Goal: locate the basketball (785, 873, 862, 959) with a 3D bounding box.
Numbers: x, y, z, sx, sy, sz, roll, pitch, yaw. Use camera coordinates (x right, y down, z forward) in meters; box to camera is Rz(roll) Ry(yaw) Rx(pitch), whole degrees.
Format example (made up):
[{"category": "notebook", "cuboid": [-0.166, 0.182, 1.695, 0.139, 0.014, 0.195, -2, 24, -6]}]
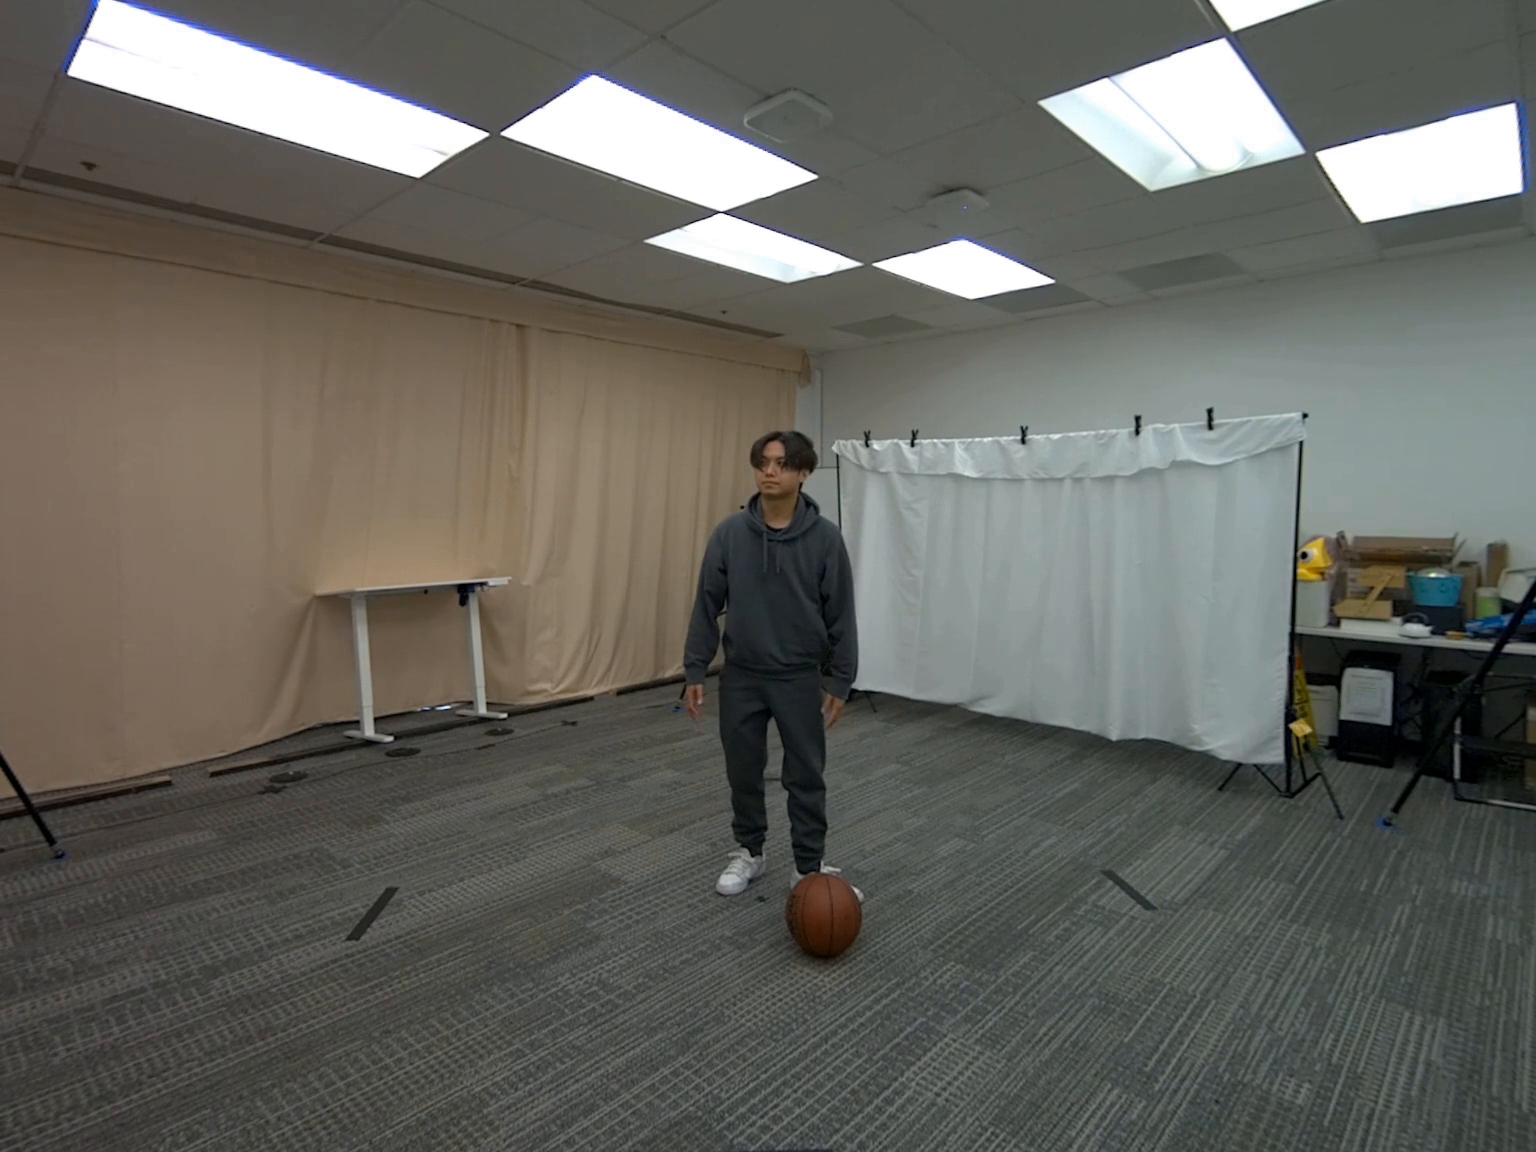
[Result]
[{"category": "basketball", "cuboid": [0.179, 1.052, 2.625, 0.236, 0.235, 0.237, 0, 4, -2]}]

Activity: The material above is to be repeated word for word, with no images kept.

Result of the task:
Goal: locate the basketball (785, 873, 862, 959) with a 3D bounding box.
Numbers: x, y, z, sx, sy, sz, roll, pitch, yaw. Use camera coordinates (x right, y down, z forward) in meters; box to camera is Rz(roll) Ry(yaw) Rx(pitch), whole degrees.
Format example (made up):
[{"category": "notebook", "cuboid": [-0.166, 0.182, 1.695, 0.139, 0.014, 0.195, -2, 24, -6]}]
[Result]
[{"category": "basketball", "cuboid": [0.179, 1.052, 2.625, 0.236, 0.235, 0.237, 0, 4, -2]}]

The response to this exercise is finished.